We agree with respondent, however, that the Surrogate erred with respect to the scope of the hearing concerning objection No. 4. The deposit of funds into a joint account owned by joint tenants “shall, in the absence of fraud or undue influence, be *1099prima facie evidence ... of the intention of both depositors ... to create a joint tenancy and to vest title to such deposit ... in such survivor. The burden of proof in refuting such prima facie evidence is upon the party . . . challenging the title of the survivor” (Banking Law § 675 [b]). The statutory presumption is triggered by the language that appears on the bank documents establishing that decedent and respondent are joint tenants with the right of survivorship (see Matter of Stalter, 270 AD2d 594, 595 [2000], lv denied 95 NY2d 760 [2000]).

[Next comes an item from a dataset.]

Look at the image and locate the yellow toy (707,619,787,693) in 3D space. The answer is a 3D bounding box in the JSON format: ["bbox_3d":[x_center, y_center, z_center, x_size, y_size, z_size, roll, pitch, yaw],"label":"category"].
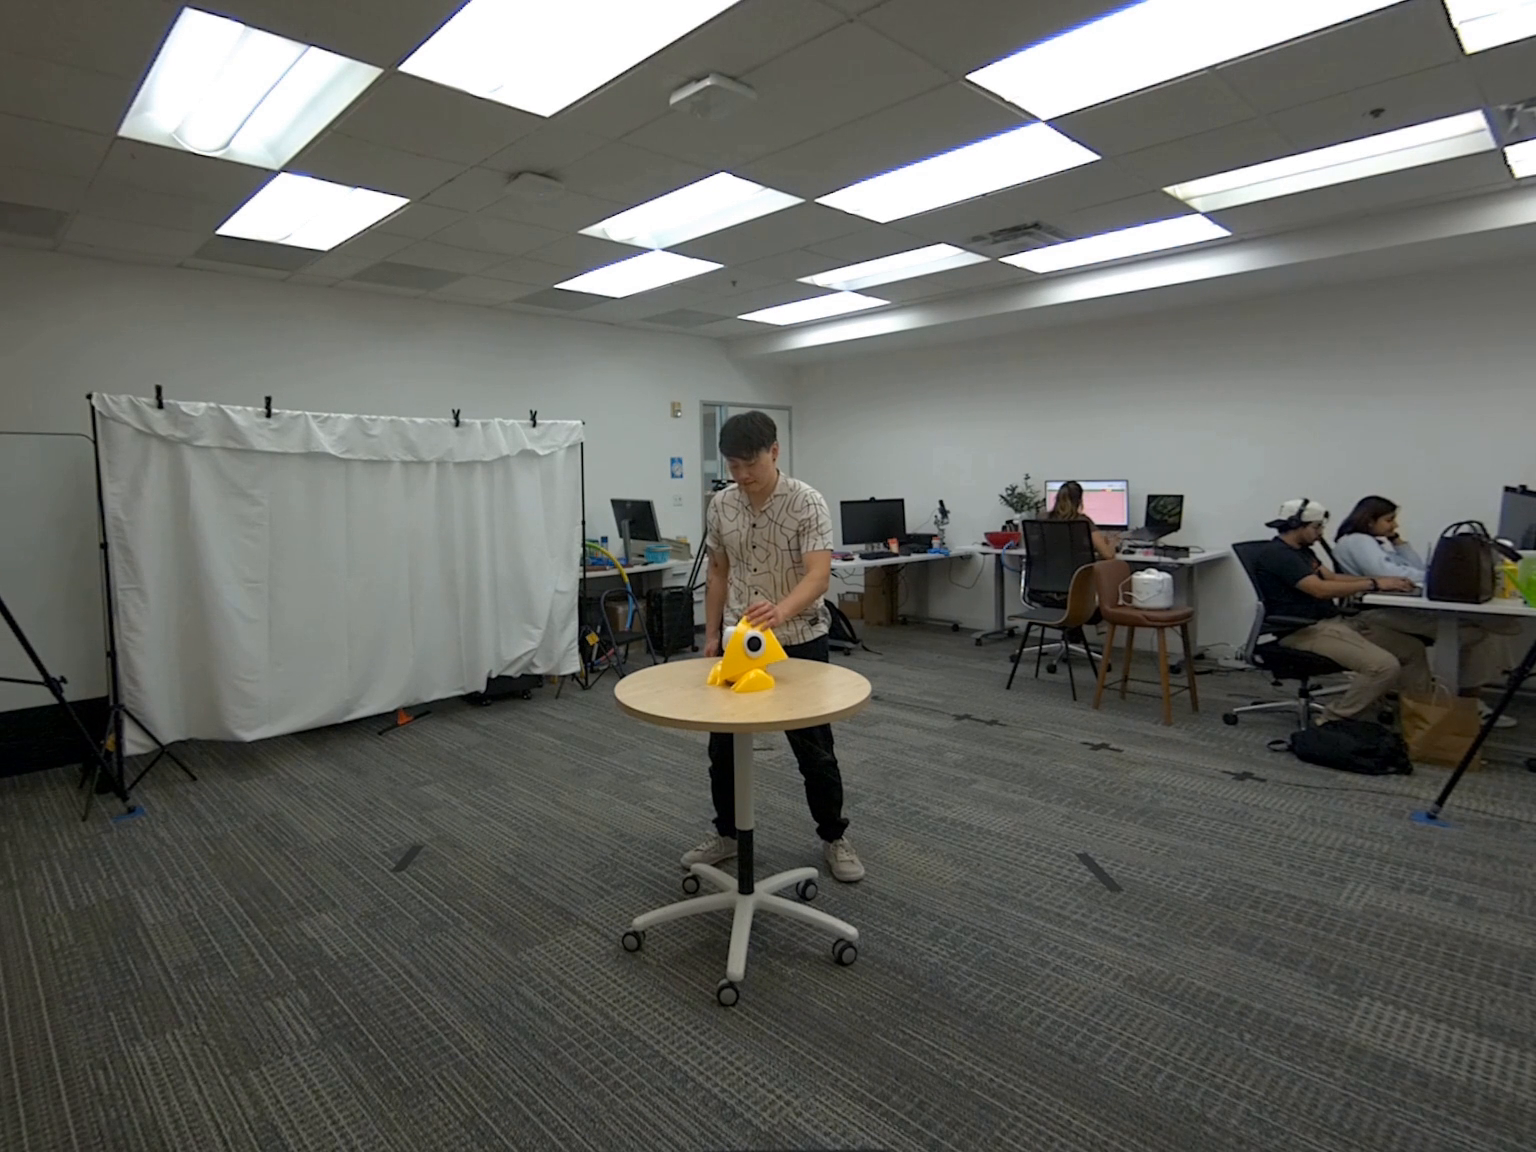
[{"bbox_3d":[-0.080,0.215,2.578,0.188,0.230,0.211,-6,7,-43],"label":"yellow toy"}]

There is no evidence to support a claim of fraud, undue influence or lack of capacity, and petitioner therefore was required to “tender ‘direct proof or substantial circumstantial proof, clear and convincing and sufficient to support an inference that the joint account had been opened in that form as a matter of convenience only’ ” (id. at 596). Petitioner failed to meet that burden, inasmuch as respondent’s release of the funds remaining in the accounts to the fiduciary “is [not] conclusive [with respect] to the key underlying issue, i.e., decedent’s intent at the time that the account bearing respondent’s name was created” (id.; cf. Matter of Johnson, 7 AD3d 959, 960 [2004], lv denied 3 NY3d 606 [2004]). We therefore modify the order by providing that the issues to be determined at the hearing with respect to objection No. 4 are whether a joint tenancy with right of survivor-ship was created and, if it is determined that no such tenancy was created, whether the expenditures in question were on behalf of decedent’s estate. Present—Scudder, J.P., Kehoe, Smith and Pine, JJ.